United States District Court, D. New Jersey, Camden Vicinage

November 18, 2019

CAROL LLOYD, Plaintiff,
v.
PLUESE, BECKER, & SALTZMAN, LLC, Defendant.

          CAROL LLOYD, pro se.

          PLUESE, BECKER, & SALTZMAN, LLC By: Stuart H. West, Esq., Attorneys for Defendant.

          OPINION

          RENÉE MARIE BUMB UNITED STATES DISTRICT JUDGE

         Pro se Plaintiff, Carol Lloyd, brings this suit alleging that the law firm which represents her mortgage lender in the underlying state foreclosure action, Defendant Pluese, Becker, Saltzman, LLC (“PBS”), violated the Fair Debt Collection Practices Act, 15 U.S.C. § 1692 et seq. (“FDCPA”), by filing a motion with the court in the foreclosure action.
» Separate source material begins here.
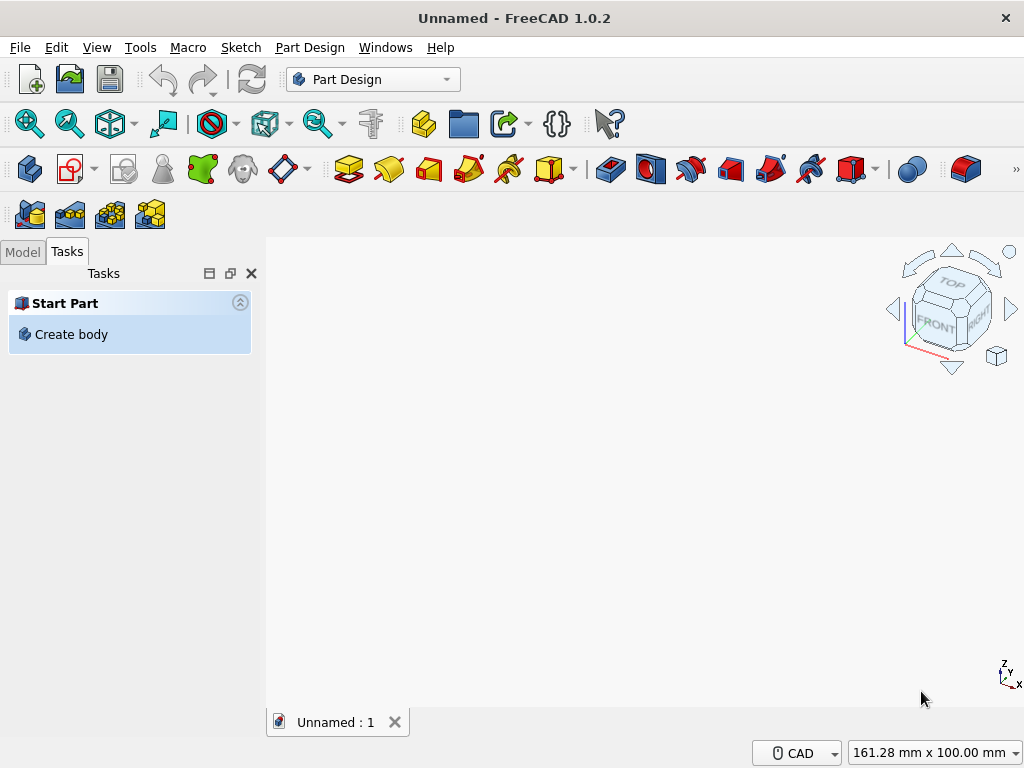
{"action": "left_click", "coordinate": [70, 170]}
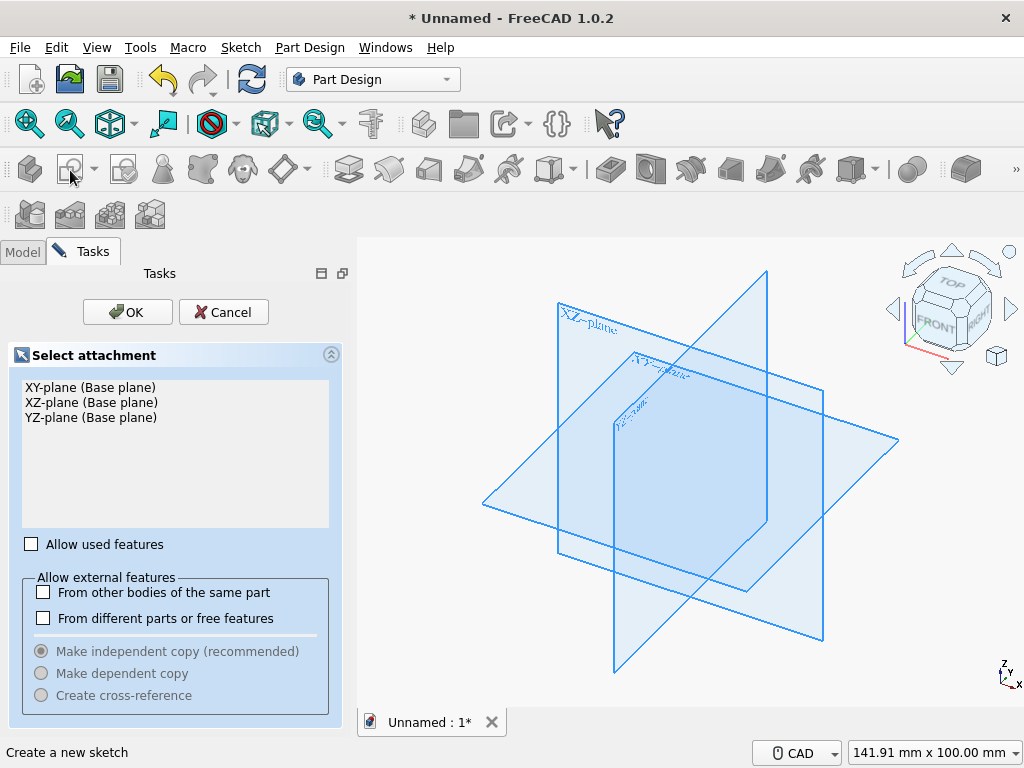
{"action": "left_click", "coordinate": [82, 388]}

Before the Court is PBS's “Motion to Dismiss Amended Complaint pursuant to Fed.R.Civ.P. 12(b)(6), 12(d) and 56.” [Docket No. 26-4] The instant motion is PBS's second attempt to secure dismissal of this suit prior to the commencement of discovery. For the reasons stated herein, the motion will be granted in part, denied in part, and denied without prejudice in part.[1]

         I. FACTUAL BACKGROUND

         The Court set forth the factual allegations of the operative pleading-- the First Amended Complaint [Docket No. 7]-- in its previous opinion of May 9, 2019 [Docket No. 23], see also, Lloyd v. Pluese, Becker, & Saltzman, LLC, No. CV 18-9420 (RMB/AMD), 2019 WL 2062438 at *1 (D.N.J. May 9, 2019). The Court incorporates herein the “Factual Background” section of that opinion. To summarize, Lloyd asserts that PBS, a law firm representing Lloyd's mortgage lender in a judicial foreclosure proceeding, violated various sections of the FDCPA when it filed a motion to reinstate the administratively dismissed foreclosure. According to Lloyd, PBS knew that a condition precedent to foreclosure-- specifically, a face-to-face meeting pursuant to the applicable federal regulations incorporated into the mortgage documents-- had not occurred, and therefore foreclosure was legally precluded.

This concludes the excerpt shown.